MATERIAL PROVIDED below:
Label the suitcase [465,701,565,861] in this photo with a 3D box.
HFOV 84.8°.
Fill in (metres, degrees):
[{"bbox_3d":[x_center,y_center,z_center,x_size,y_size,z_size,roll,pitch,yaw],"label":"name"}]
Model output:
End of MATERIAL PROVIDED.
MATERIAL PROVIDED below:
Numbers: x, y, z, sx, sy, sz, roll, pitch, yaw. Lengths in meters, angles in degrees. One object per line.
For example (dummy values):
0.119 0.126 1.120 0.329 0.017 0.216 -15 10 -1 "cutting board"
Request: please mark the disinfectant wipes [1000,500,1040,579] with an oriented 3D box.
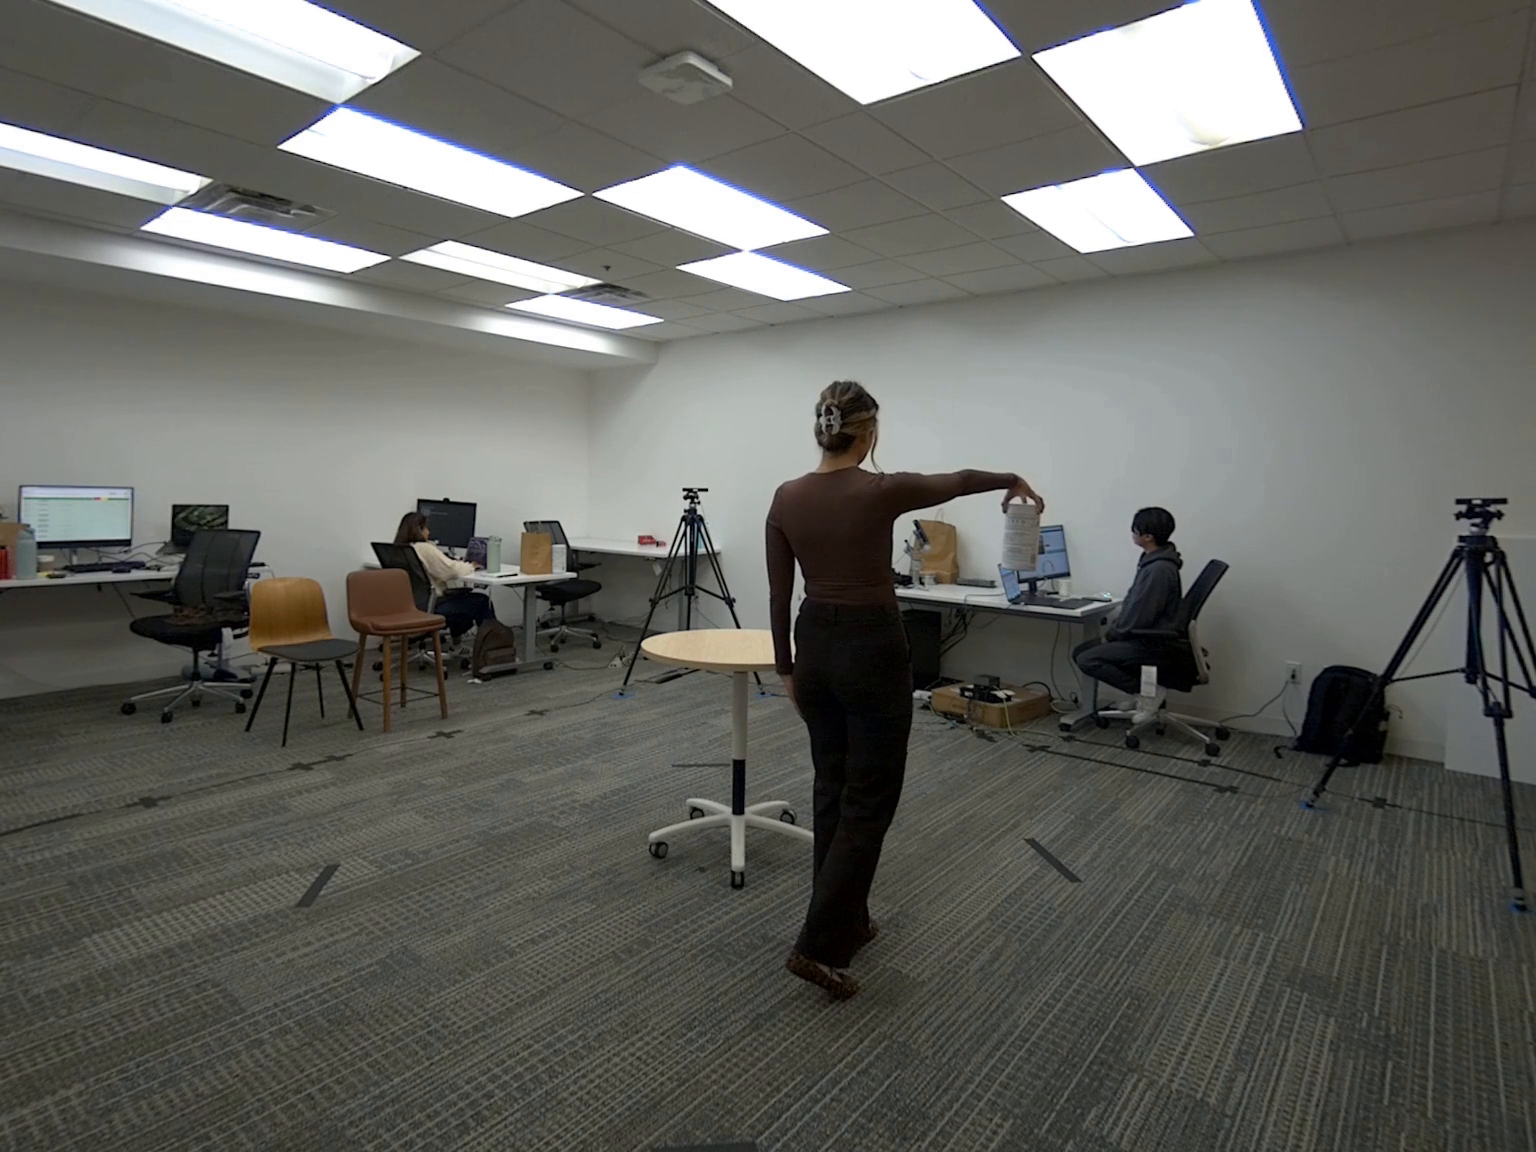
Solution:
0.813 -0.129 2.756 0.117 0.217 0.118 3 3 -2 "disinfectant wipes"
End of MATERIAL PROVIDED.
PROBLEM DESCRIPTION: Only the number should be given: how many lines in the entries above contain the string "roll"?

ANSWER SECTION: 2